In its past life, the steaming pile of compost at Organics “By Gosh” was jack-o’-lanterns and Christmas trees, pizza boxes and dried leaves. Coffee filters. Tree branches. Misshapen apples scorned at the grocery store. But inside the pile, where temperatures are as warm as 160 degrees, microorganisms are feeding on nitrogen- and carbon-rich organic matter and slow-cooking it into a rich, soft soil amendment that smells like the forest floor.

Standing atop the mountain of compost-in-progress, Phil Gosh surveys his decomposing empire. Beneath his feet, 10,000 cubic yards of what was once waste are being transformed into a substance that can restore nutrients to soil and mitigate the effects of drought. It takes about a year for the raw ingredients – 20,000 to 40,000 pounds a day of unsold produce from grocery stores, and branches and leaves from landscapers – to evolve. “It’s a beautiful thing that happens out there,” Gosh says as his rain boots sink into the spongy pile. “There’s no fertilizers, pesticides, or herbicides. It’s a beautiful ecosystem.”
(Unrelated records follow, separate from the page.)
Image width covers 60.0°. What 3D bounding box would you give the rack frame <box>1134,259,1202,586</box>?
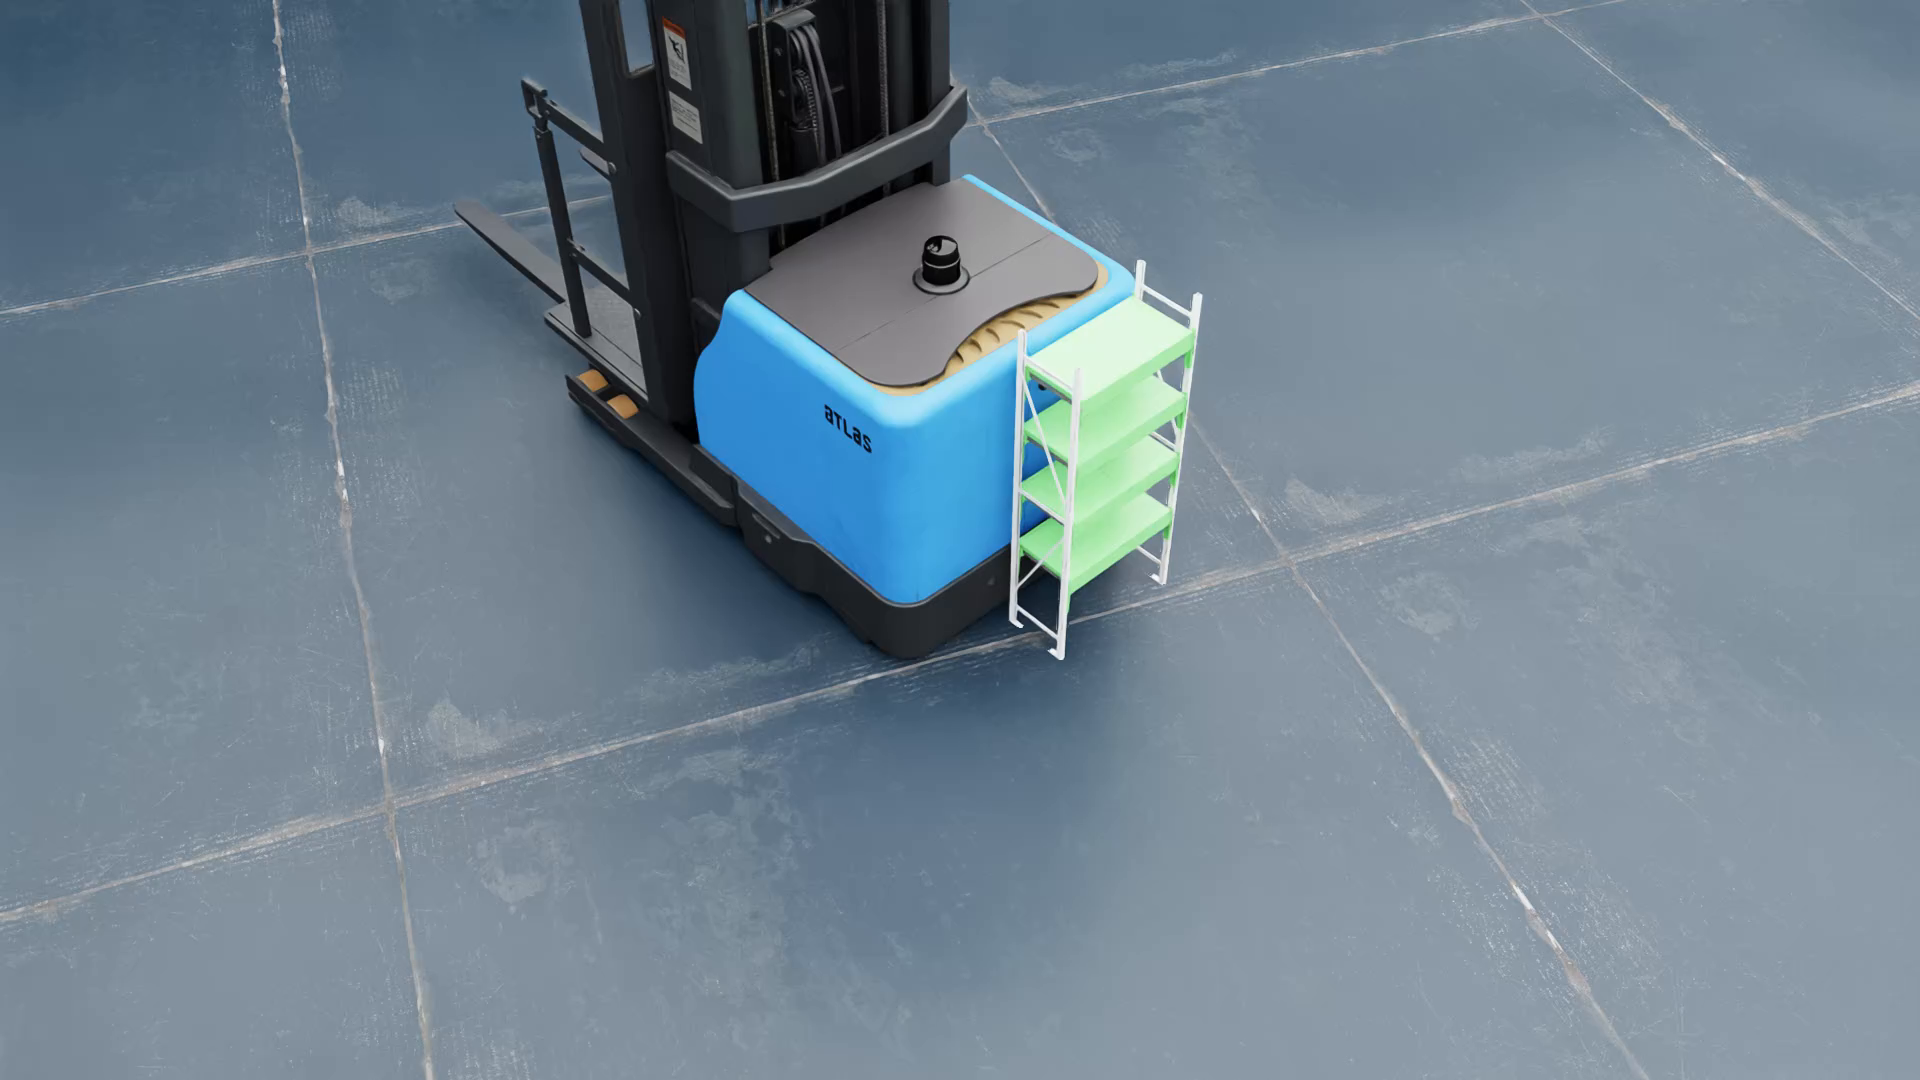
[{"bbox_3d":[0.606,-0.334,5.236,0.015,1.200,0.240,-33,54,-29],"label":"rack frame"}]

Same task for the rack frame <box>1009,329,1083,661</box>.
[{"bbox_3d":[0.249,-0.099,5.002,0.015,1.200,0.240,-33,54,-29],"label":"rack frame"}]

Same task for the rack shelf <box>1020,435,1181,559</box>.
[{"bbox_3d":[0.427,-0.172,5.164,0.480,0.148,0.258,-33,54,-29],"label":"rack shelf"}]

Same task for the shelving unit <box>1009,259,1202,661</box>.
[{"bbox_3d":[0.427,-0.217,5.119,0.503,1.200,0.258,-33,54,-29],"label":"shelving unit"}]

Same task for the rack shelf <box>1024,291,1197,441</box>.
[{"bbox_3d":[0.427,-0.511,4.824,0.480,0.148,0.258,-33,54,-29],"label":"rack shelf"}]

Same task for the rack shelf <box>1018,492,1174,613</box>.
[{"bbox_3d":[0.427,-0.002,5.334,0.480,0.148,0.258,-33,54,-29],"label":"rack shelf"}]

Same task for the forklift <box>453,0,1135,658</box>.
[{"bbox_3d":[-0.808,-1.620,5.295,1.130,2.935,3.031,-33,54,-28],"label":"forklift"}]

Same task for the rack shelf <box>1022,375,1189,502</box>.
[{"bbox_3d":[0.427,-0.341,4.994,0.480,0.148,0.258,-33,54,-29],"label":"rack shelf"}]
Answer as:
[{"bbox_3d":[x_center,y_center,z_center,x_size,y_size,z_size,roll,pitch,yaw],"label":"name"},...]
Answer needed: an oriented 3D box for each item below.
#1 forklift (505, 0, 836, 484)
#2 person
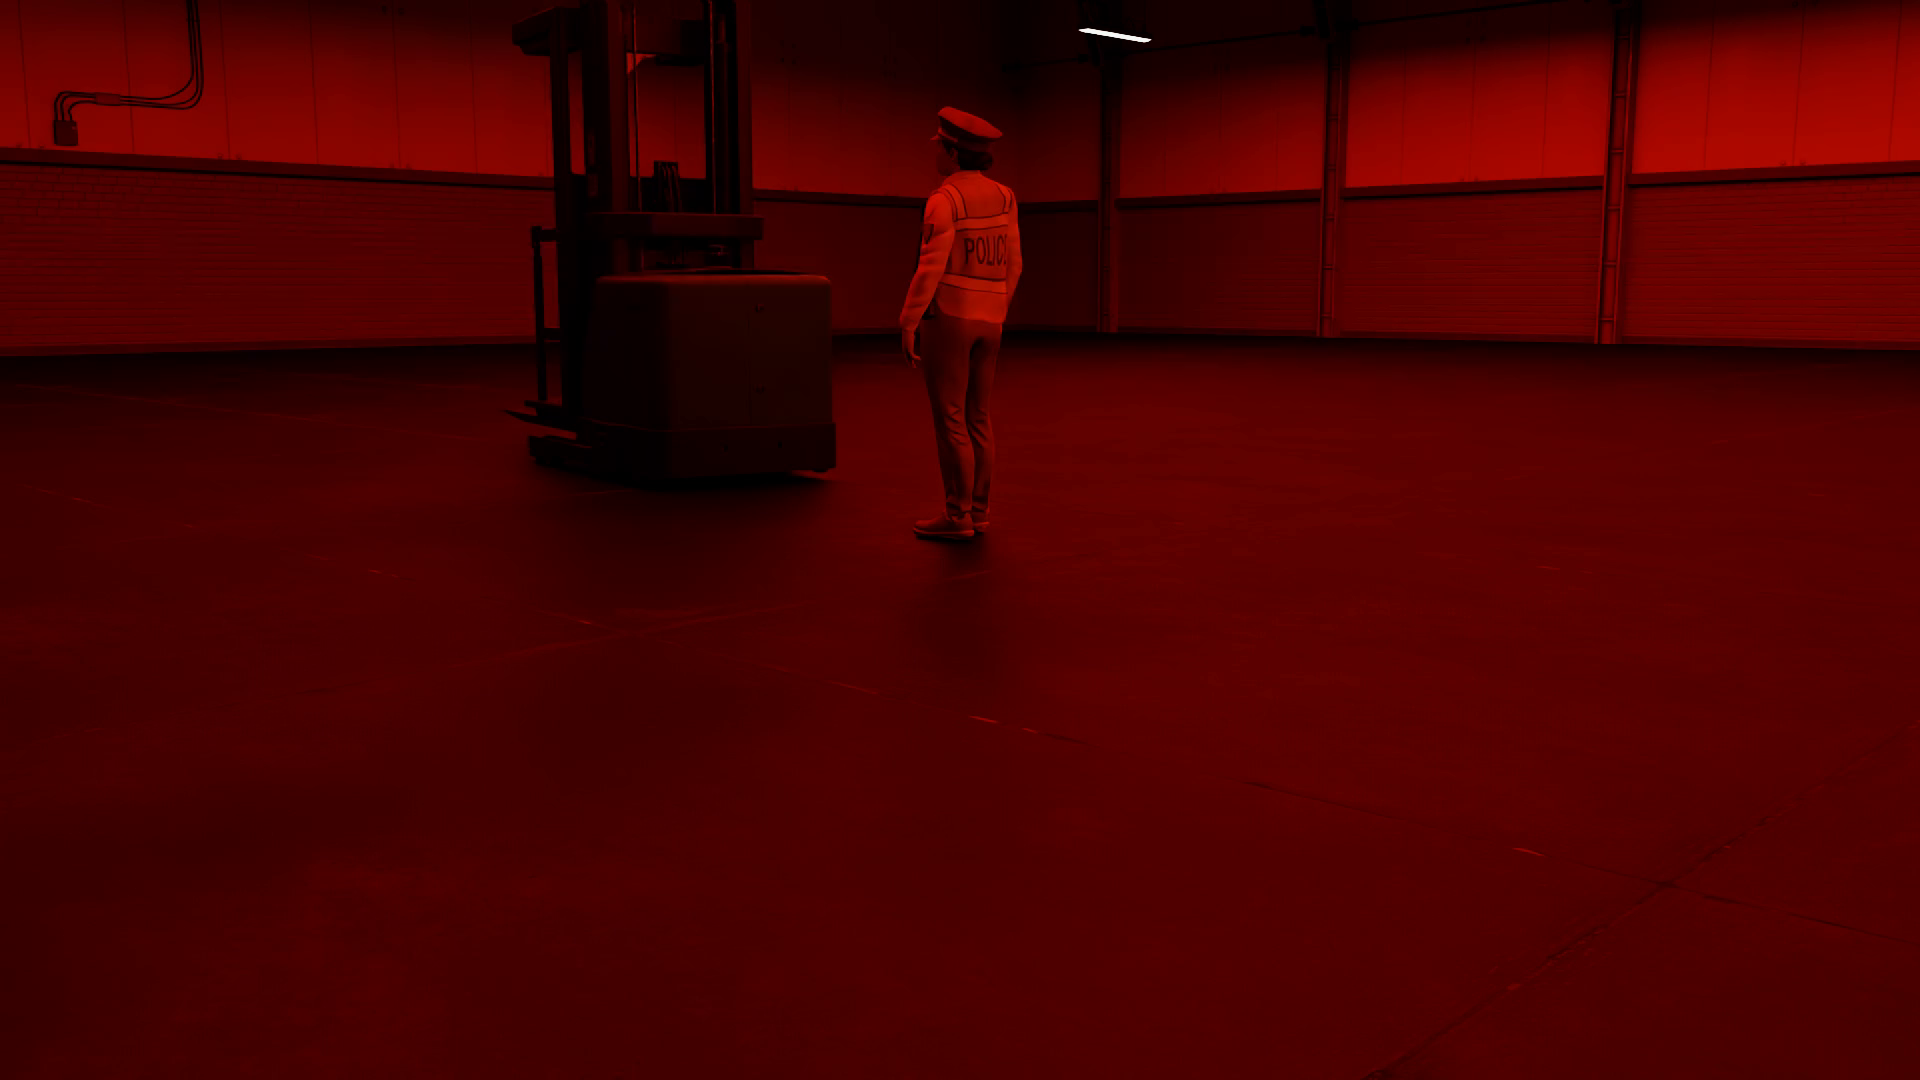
[{"bbox_3d":[-1.864,-1.907,9.538,1.130,2.935,3.031,-5,10,-32],"label":"forklift"},{"bbox_3d":[-0.045,-0.853,6.643,0.530,1.694,0.586,8,12,43],"label":"person"}]

According to the city, this is the type of setting where Austin’s veggie peels and food scraps should go – not the landfill. Currently, almost half of what Austin residences are putting in the trash is “organics” – food waste (nearly 26%), yard trimmings, paper, and wood. Such materials, when composted properly, turn into a textured, earthy substance that can be added to gardens or used as mulch. But when sealed inside a landfill, as it is now, the organic matter doesn’t return to earth, instead breaking down anaerobically and generating methane and other greenhouse gases.
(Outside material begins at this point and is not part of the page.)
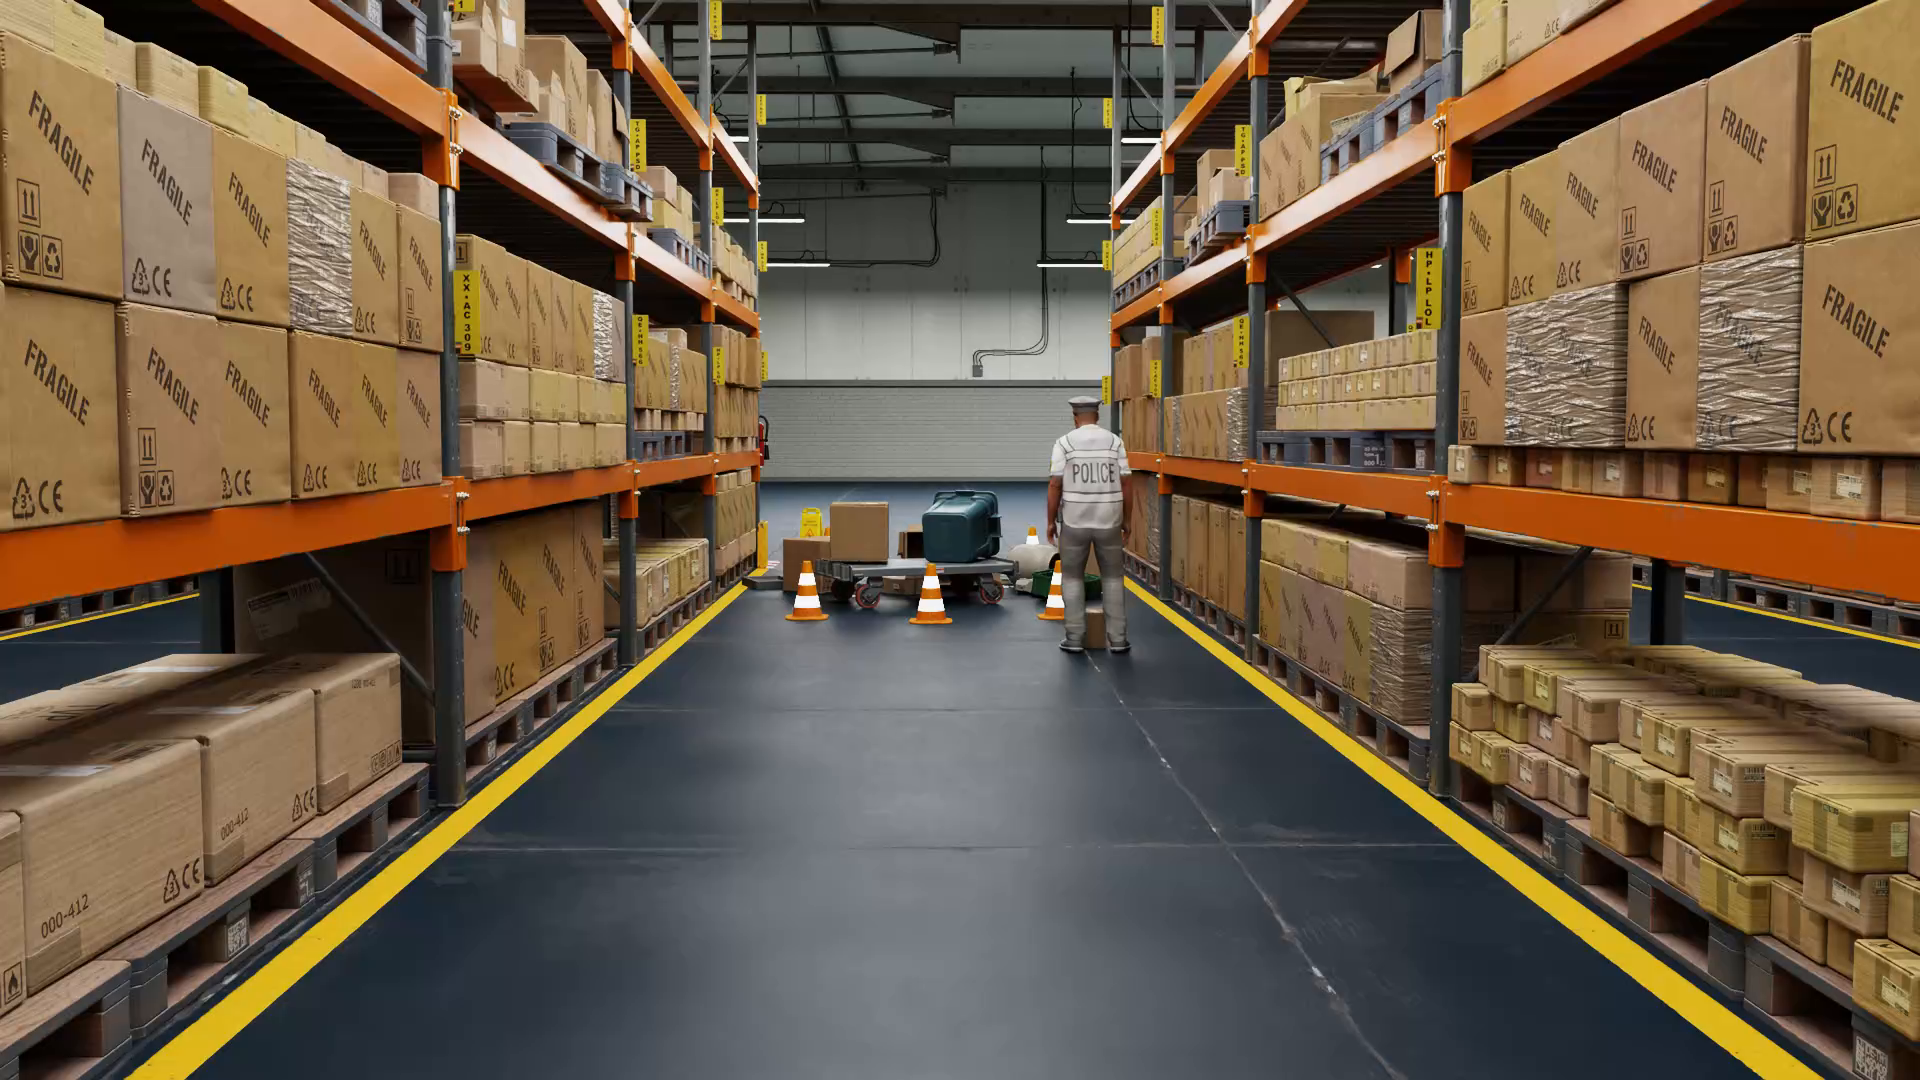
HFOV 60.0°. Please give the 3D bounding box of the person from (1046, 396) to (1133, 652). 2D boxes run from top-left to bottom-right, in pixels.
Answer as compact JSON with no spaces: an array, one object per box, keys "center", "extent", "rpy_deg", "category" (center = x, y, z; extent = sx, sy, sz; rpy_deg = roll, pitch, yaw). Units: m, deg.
[{"center":[0.894,-0.111,11.361],"extent":[0.604,1.751,0.427],"rpy_deg":[0,4,-4],"category":"person"}]

Keeping organics out of the landfill is the next frontier for Austin Resource Recovery, which will this year propose to City Council a new residential collection program. On the route to Austin’s zero-waste goals – which call for diverting 90% of all materials from the landfill by 2040 – the city has stalled at just under 40%. Doing a better job of recycling is still important, but according to Director Bob Gedert’s calculations, the only way Austin can reach its benchmark goal of 75% diversion by 2020 is by taking organics out of the trash and composting them instead.
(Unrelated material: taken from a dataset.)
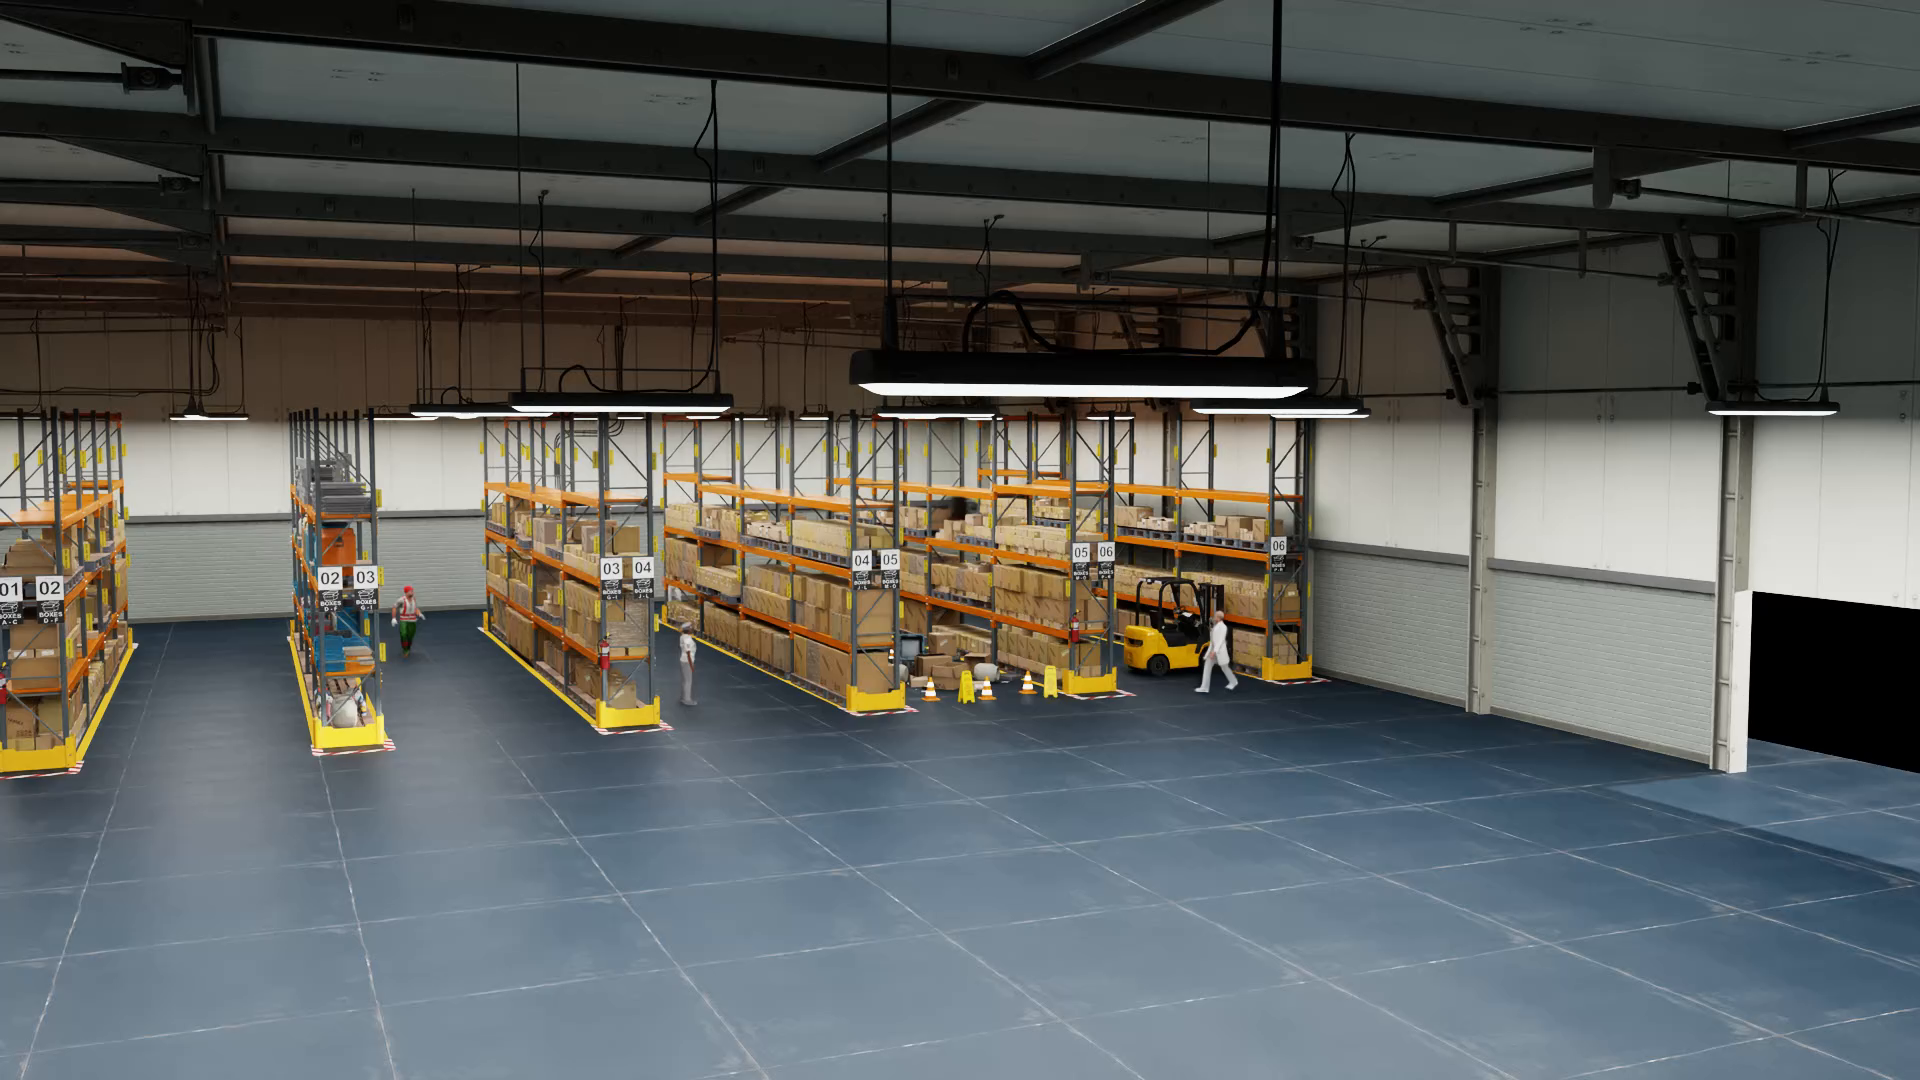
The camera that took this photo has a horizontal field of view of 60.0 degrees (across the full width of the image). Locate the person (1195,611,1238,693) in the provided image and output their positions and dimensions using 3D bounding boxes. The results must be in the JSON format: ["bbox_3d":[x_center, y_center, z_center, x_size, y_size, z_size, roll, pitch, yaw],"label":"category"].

And collecting compostables separately is part of Gedert’s ultimate goal of cutting back on trash pickup and expanding recycling. Because recyclable materials have monetary value, some of which is returned to the city, picking up more recyclables can be more economical than picking up trash when commodity markets cooperate. Of course, that’s provided Austinites are actually putting recyclables in the blue bins. “If I can move trash service to biweekly and recycling to weekly, I completely cover my cost” for the switch, Gedert says. But there’s a catch: Before it will allow trash collection once every two weeks, the state requires that all “putrescibles” – material that decays and smells – be picked up separately and more frequently. Picking those up in a dedicated organics collection would facilitate Gedert’s route switch, reduce the space used in the landfill, and cut greenhouse gas emissions.

Those are lofty goals for rotting veggies and soggy newspaper. “We joke that we’re making composting sexy,” says Dustin Fedako, CEO of the Compost Pedallers. “It’s a really cool process. Being able to make life out of the absence of life is, in a way, almost magical.”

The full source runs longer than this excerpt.